*** Begin section ***

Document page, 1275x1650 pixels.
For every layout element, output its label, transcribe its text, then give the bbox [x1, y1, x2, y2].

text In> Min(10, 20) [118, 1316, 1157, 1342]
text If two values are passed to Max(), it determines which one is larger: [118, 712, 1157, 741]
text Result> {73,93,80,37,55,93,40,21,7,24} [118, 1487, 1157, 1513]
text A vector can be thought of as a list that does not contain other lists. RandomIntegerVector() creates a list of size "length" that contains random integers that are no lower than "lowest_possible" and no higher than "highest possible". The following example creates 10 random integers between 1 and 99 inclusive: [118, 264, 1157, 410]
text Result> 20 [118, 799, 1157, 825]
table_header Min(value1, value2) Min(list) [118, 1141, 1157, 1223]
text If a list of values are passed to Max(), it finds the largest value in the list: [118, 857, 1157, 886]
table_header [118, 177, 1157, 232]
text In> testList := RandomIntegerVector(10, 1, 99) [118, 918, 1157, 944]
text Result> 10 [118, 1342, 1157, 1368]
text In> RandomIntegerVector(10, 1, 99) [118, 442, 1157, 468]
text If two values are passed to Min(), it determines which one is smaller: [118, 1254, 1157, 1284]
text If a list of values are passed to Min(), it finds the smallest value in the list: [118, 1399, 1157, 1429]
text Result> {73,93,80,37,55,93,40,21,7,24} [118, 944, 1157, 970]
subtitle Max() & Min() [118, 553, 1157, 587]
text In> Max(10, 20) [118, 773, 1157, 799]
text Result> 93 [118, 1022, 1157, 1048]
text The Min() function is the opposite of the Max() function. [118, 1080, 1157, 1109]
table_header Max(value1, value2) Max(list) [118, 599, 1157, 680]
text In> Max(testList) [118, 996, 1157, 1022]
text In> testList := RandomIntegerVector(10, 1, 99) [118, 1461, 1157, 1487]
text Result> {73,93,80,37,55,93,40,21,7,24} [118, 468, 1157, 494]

*** End section ***
*** Begin section ***

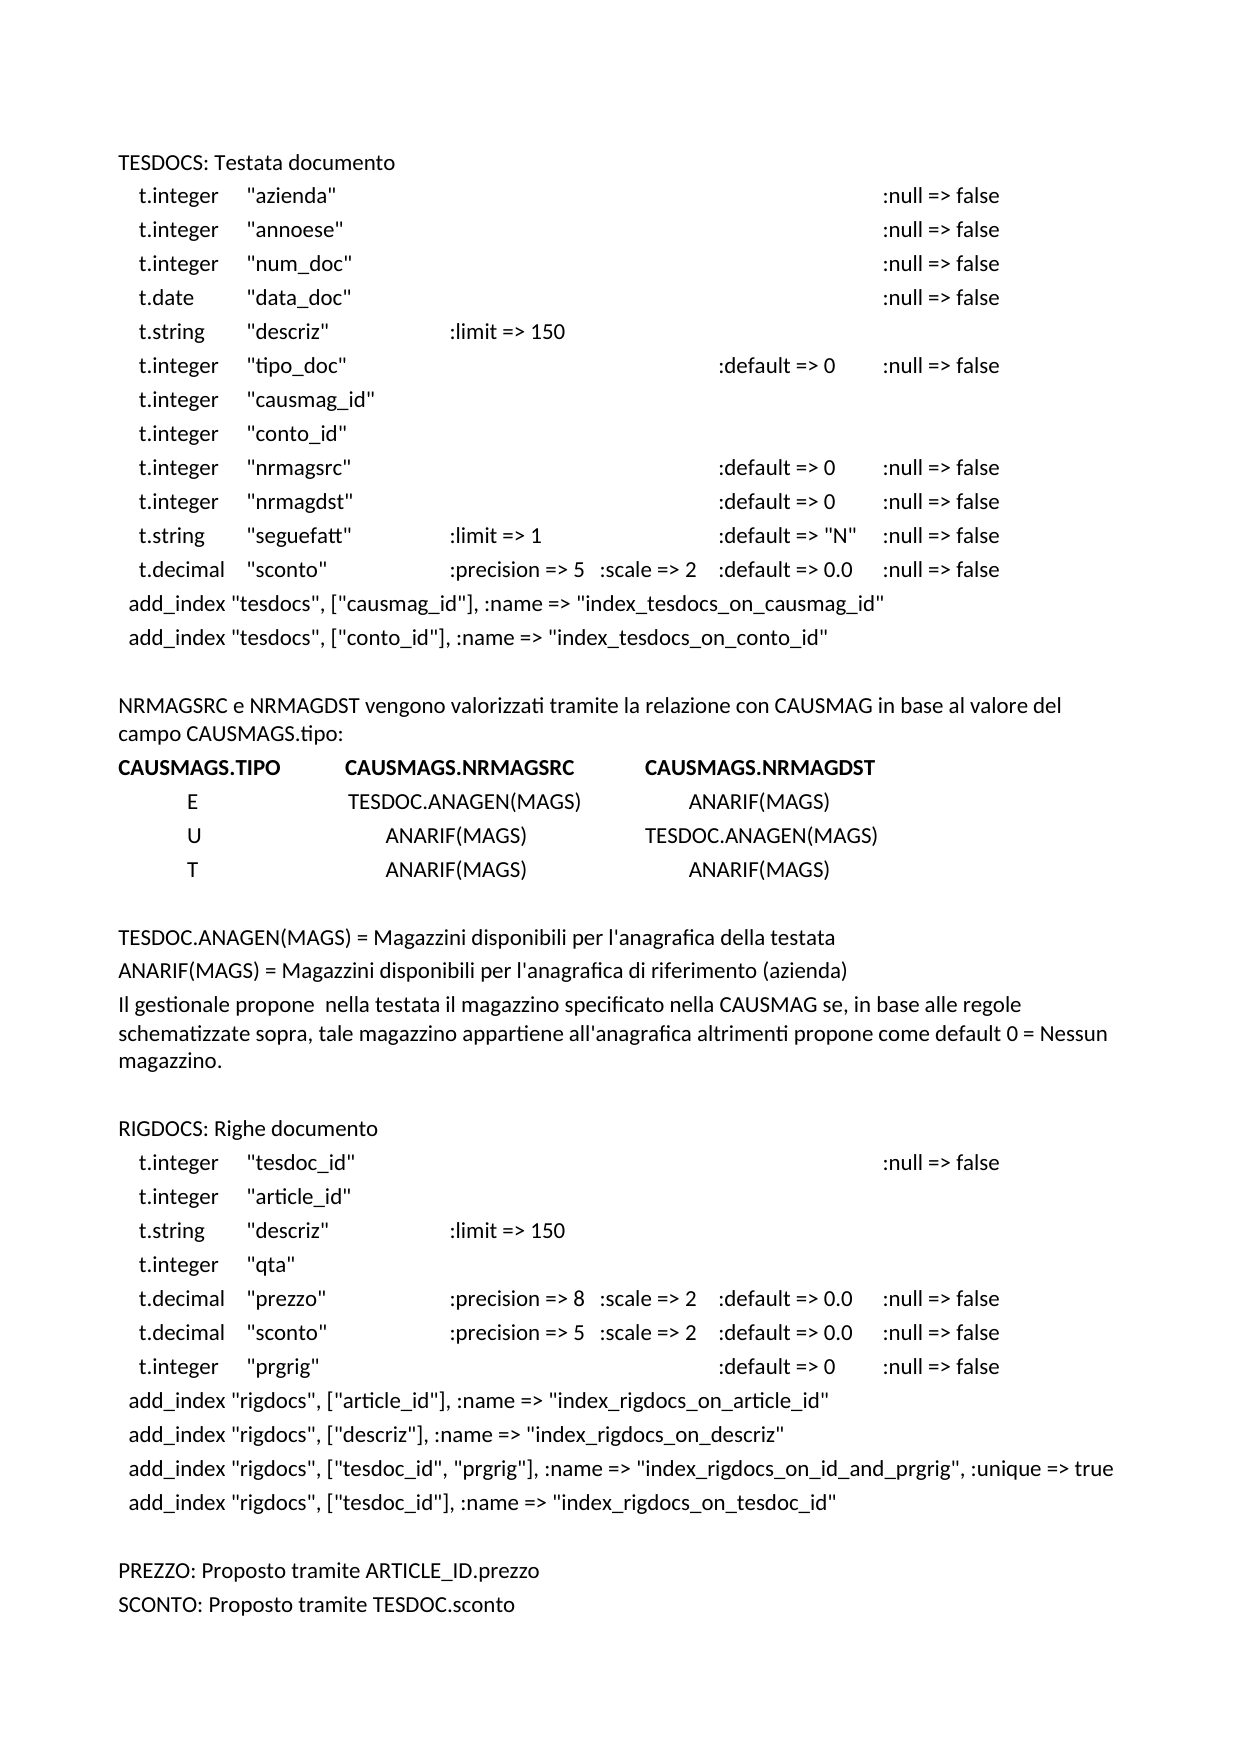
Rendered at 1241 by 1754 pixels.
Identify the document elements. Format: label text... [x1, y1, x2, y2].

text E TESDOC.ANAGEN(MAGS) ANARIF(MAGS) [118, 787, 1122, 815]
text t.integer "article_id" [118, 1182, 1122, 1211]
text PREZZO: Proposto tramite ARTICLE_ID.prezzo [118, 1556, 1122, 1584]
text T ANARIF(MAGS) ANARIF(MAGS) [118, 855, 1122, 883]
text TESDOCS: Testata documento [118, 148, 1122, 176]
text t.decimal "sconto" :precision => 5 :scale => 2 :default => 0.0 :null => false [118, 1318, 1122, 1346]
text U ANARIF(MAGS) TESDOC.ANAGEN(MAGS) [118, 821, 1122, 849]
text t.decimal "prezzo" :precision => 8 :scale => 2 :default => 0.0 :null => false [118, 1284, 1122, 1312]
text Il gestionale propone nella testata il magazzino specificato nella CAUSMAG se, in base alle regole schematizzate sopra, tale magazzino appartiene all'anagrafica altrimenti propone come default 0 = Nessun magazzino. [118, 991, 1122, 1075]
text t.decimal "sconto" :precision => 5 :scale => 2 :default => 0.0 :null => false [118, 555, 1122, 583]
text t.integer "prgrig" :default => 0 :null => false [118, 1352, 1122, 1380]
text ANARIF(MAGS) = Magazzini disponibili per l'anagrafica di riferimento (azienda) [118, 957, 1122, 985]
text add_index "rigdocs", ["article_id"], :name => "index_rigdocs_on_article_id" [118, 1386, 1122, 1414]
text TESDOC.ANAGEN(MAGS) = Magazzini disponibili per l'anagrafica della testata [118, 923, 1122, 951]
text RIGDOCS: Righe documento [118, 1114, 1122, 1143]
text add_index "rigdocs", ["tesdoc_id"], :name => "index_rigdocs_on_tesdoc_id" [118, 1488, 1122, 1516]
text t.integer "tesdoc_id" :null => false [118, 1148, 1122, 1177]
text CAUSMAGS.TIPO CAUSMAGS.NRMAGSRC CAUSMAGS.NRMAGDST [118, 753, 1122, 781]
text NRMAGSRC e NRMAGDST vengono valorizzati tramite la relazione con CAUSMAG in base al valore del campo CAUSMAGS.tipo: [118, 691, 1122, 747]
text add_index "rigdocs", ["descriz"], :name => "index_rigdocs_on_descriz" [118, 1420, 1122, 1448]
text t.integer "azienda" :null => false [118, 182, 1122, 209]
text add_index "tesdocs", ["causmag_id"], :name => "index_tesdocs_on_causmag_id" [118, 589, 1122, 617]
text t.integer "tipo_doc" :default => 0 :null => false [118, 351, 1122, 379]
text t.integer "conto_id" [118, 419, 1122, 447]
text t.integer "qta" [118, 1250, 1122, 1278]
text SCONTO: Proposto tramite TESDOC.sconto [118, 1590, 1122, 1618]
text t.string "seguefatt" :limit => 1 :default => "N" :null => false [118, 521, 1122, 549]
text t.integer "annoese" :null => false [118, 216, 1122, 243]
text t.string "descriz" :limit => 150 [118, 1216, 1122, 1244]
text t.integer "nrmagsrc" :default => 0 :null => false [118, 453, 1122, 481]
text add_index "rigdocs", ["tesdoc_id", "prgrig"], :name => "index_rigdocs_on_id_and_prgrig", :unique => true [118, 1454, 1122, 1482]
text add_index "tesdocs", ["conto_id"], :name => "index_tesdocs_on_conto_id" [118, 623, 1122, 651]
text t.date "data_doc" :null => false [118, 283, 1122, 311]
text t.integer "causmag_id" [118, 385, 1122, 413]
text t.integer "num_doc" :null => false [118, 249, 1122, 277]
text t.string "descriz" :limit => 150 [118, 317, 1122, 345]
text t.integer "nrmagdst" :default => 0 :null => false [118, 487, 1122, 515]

*** End section ***

Problem:
Give the number of lines in the data that include the string "default", please, and nothing else.

Response to this exercise:
9